If you move to 265-70-17 tires that are the same diameter, you would have a choice of two aluminum wheels from the same vintage pickups, Suburbans, etc. They are wide enough and the correct offset. The GMC version of them is on the our van in the listing pic on my post.
 
I don't know what you mean with "body mounts" as those are not in the wheel wells, at least on our van which is a 2007 190P. 210s basically the same in the front.

No trimming is usually needed to do the 265-75-16 on a Roadtrek, but be aware that there is one, and as far as I know only one, wheel that is wide enough for the 265 and also has the correct offset. It is a steel wheel from mid 2000s Silverado pickups.

The stock steel wheels are OEM and are the right offset, and the Roadtrek aluminum wheels are wide enough but are the wrong offset.

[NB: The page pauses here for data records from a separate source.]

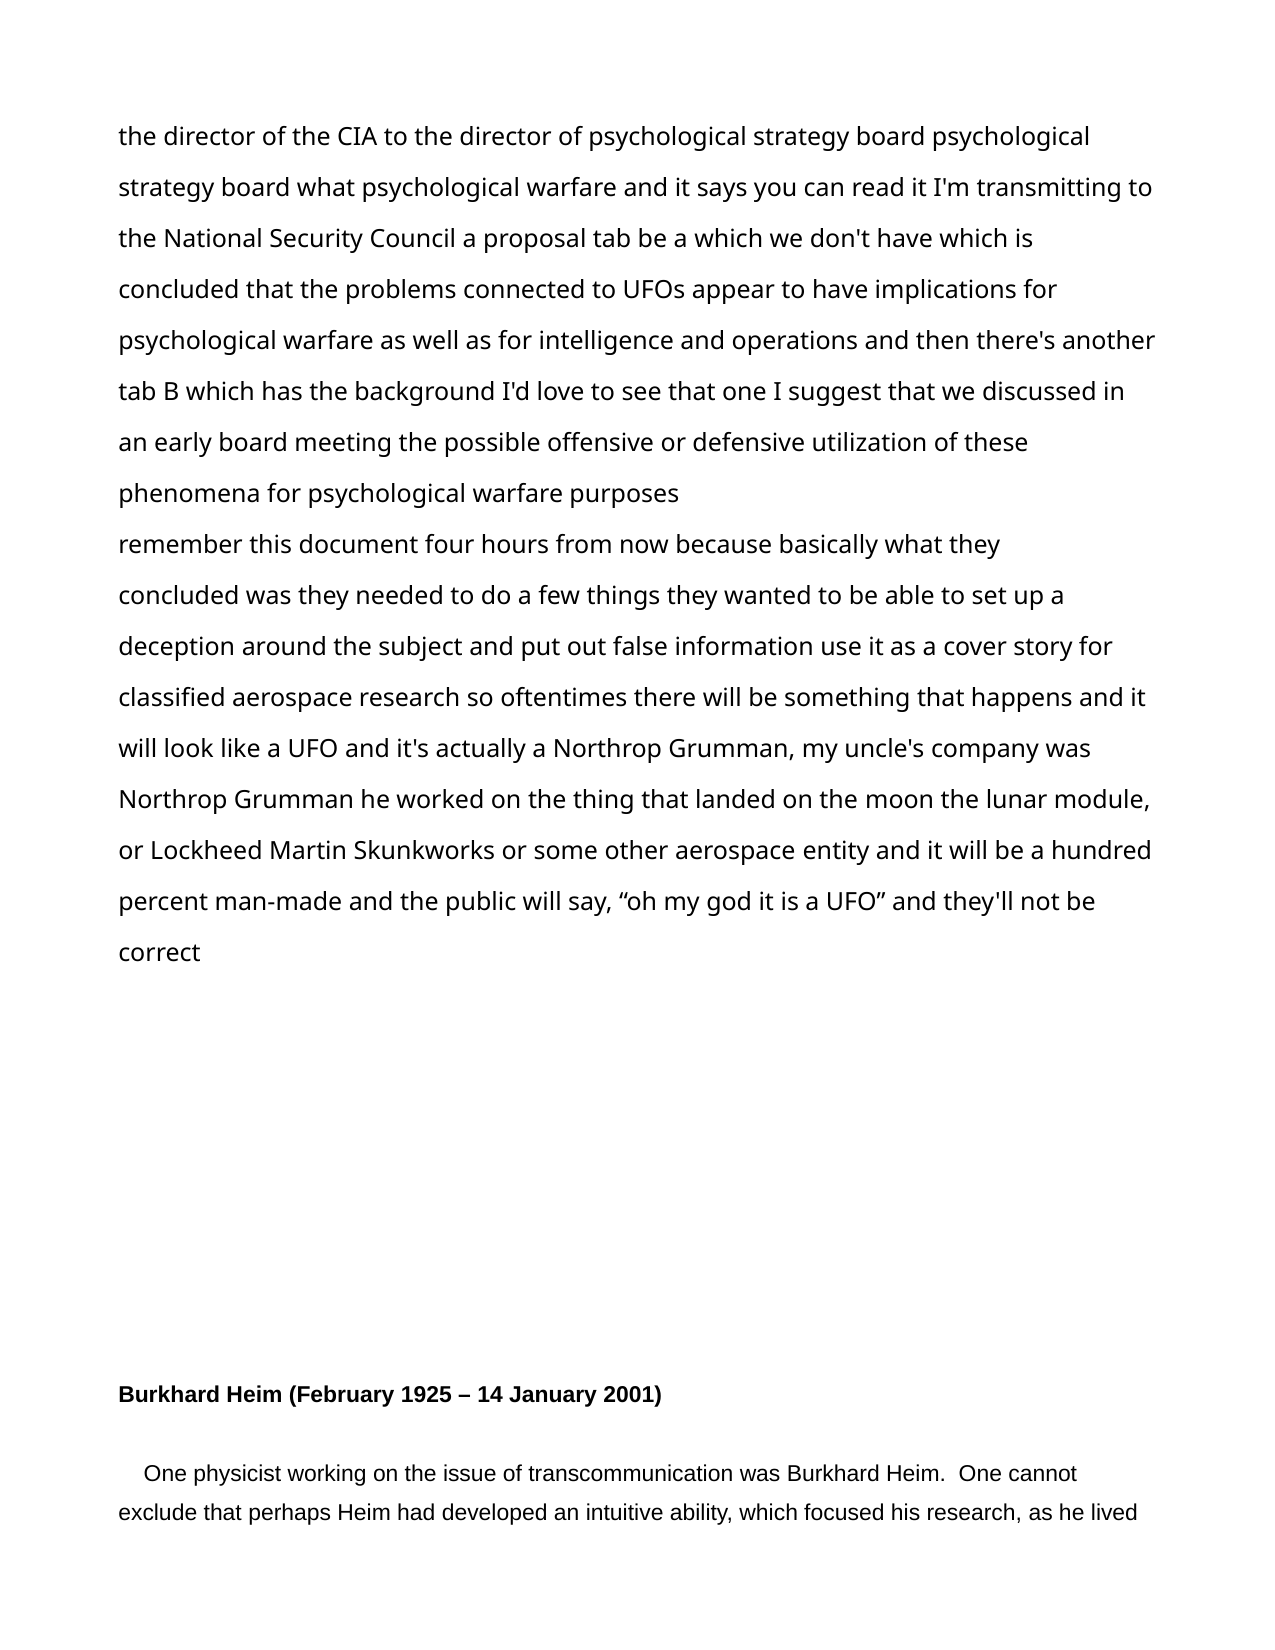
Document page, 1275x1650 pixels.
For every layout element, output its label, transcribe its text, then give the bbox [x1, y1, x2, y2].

text the director of the CIA to the director of psychological strategy board psychological strategy board what psychological warfare and it says you can read it I'm transmitting to the National Security Council a proposal tab be a which we don't have which is concluded that the problems connected to UFOs appear to have implications for psychological warfare as well as for intelligence and operations and then there's another tab B which has the background I'd love to see that one I suggest that we discussed in an early board meeting the possible offensive or defensive utilization of these phenomena for psychological warfare purposes [118, 118, 1157, 509]
text One physicist working on the issue of transcommunication was Burkhard Heim. One cannot exclude that perhaps Heim had developed an intuitive ability, which focused his research, as he lived [118, 1459, 1157, 1525]
text concluded was they needed to do a few things they wanted to be able to set up a deception around the subject and put out false information use it as a cover story for classified aerospace research so oftentimes there will be something that happens and it will look like a UFO and it's actually a Northrop Grumman, my uncle's company was Northrop Grumman he worked on the thing that landed on the moon the lunar module, or Lockheed Martin Skunkworks or some other aerospace entity and it will be a hundred percent man-made and the public will say, “oh my god it is a UFO” and they'll not be correct [118, 577, 1157, 969]
text Burkhard Heim (February 1925 – 14 January 2001) [118, 1381, 1157, 1407]
text remember this document four hours from now because basically what they [118, 526, 1157, 561]

If you put the bigger tires on the Roadtrek aluminum wheels, which are -6 off set instead of stock +28mm you have 34mm, or 1 3/8" more outboard on each wheel. That makes the wheel travel on a larger arc around the lower ball joint and go fore and aft a bunch more as it turns, so you may start hitting the front ground effects or the rear wheelwell surface. At full turns it is often the swaybar that will hit if there is an issue.

If you move to 265-70-17 tires that are the same diameter, you would have a choice of two aluminum wheels from the same vintage pickups, Suburbans, etc. They are wide enough and the correct offset. The GMC version of them is on the our van in the listing pic on my post.
Thanks for the thorough response! Reason I brought up body mounts is because someone on the Facebook Chevy Roadtrek group mentioned he has to trim those when he went to the 265/75r/16. He has the Roadtrek 200 so maybe those differ on the front end compared to the 190/210. The aluminum rims you mentioned are those 17x7 and year range early 2000s? Separately did you tune your ecu for the bigger tire size?
 
Thanks for the thorough response! Reason I brought up body mounts is because someone on the Facebook Chevy Roadtrek group mentioned he has to trim those when he went to the 265/75r/16. He has the Roadtrek 200 so maybe those differ on the front end compared to the 190/210. The aluminum rims you mentioned are those 17x7 and year range early 2000s? Separately did you tune your ecu for the bigger tire size?
The 200s were built on the previous generation cutaway vans and all the previous gen vans have a totally different front suspension and engine compartment. The current gen is from 2003 up and would have the LS engine like the 6.0L instead of the older gen 1 engines like the 5.7,8.1, etc. We had no issue with either the steel or aluminum wheels on our 07.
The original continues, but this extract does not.